**Task item**
Please restate the data below word for word, omitting all images.

Segment Start: Task input

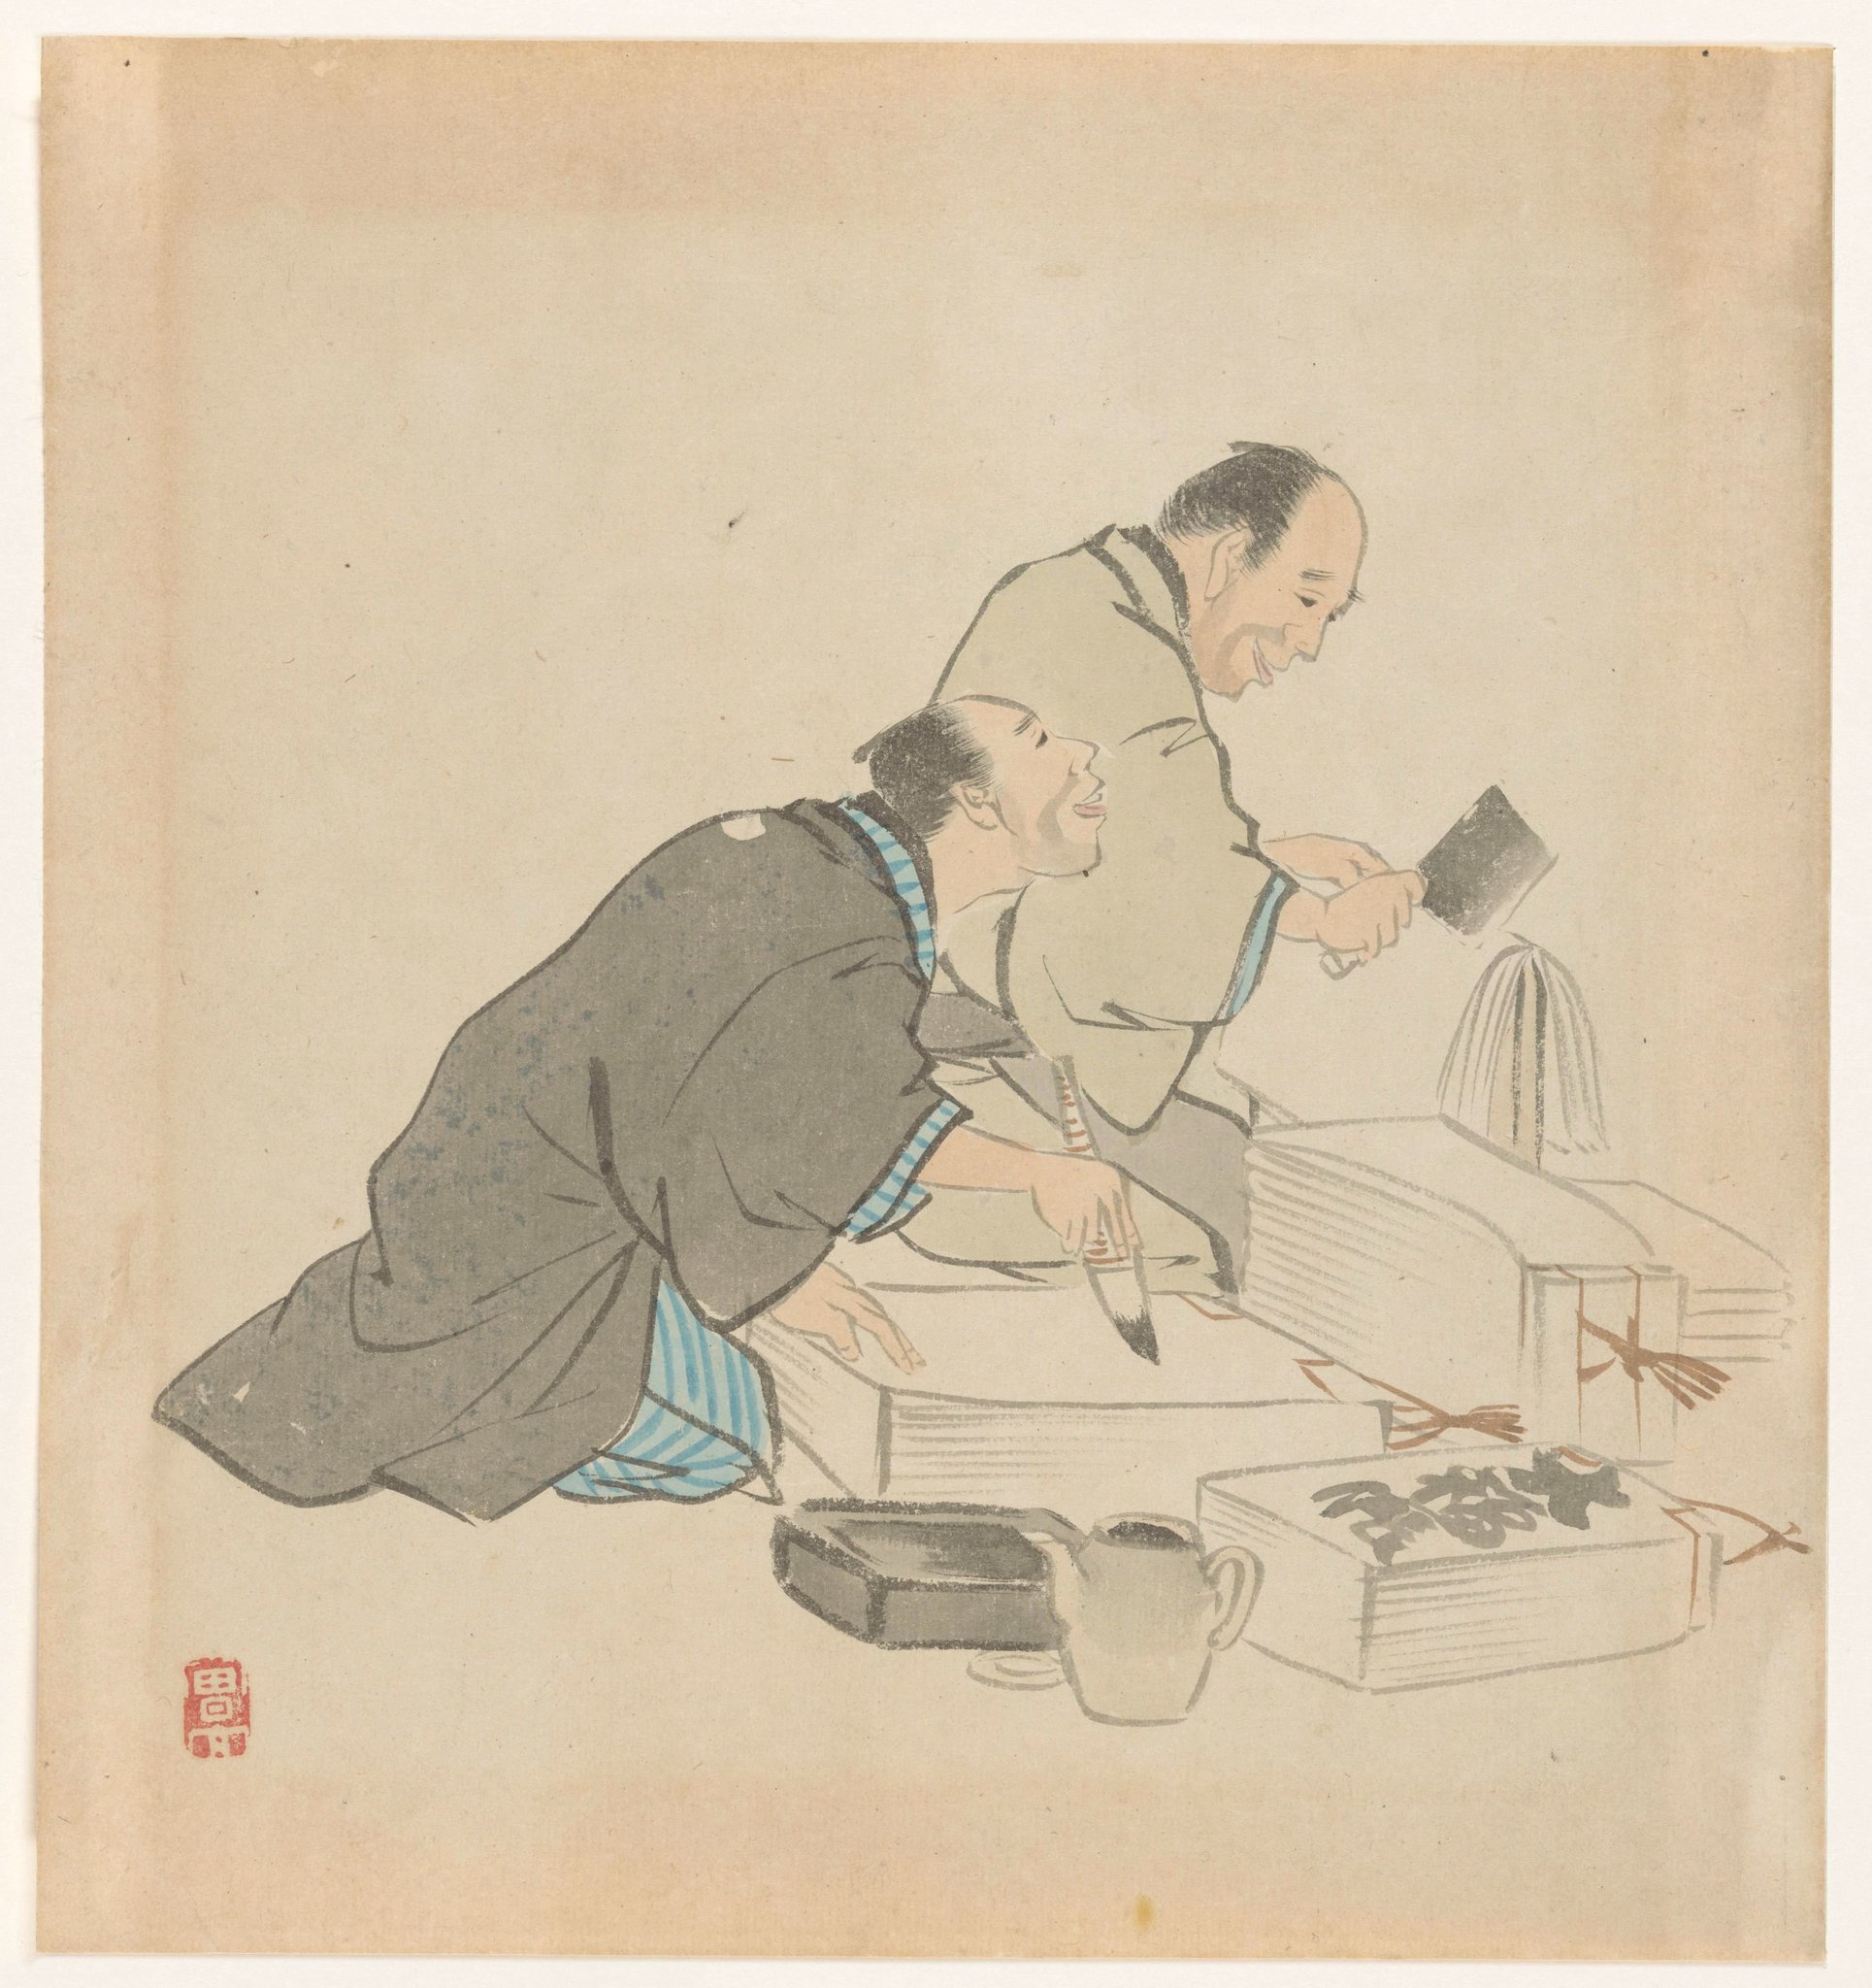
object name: drawing
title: Japanse kalligraaf en een Japanse boekbinder
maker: Anonymous
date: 1900
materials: paper, watercolor
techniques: brush
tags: bookbinding, japanese, calligraphy
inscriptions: collector's mark: Lugt 2228

Segment End: Task input

**Finished exercise**
object name: drawing
title: Japanse kalligraaf en een Japanse boekbinder
maker: Anonymous
date: 1900
materials: paper, watercolor
techniques: brush
tags: bookbinding, japanese, calligraphy
inscriptions: collector's mark: Lugt 2228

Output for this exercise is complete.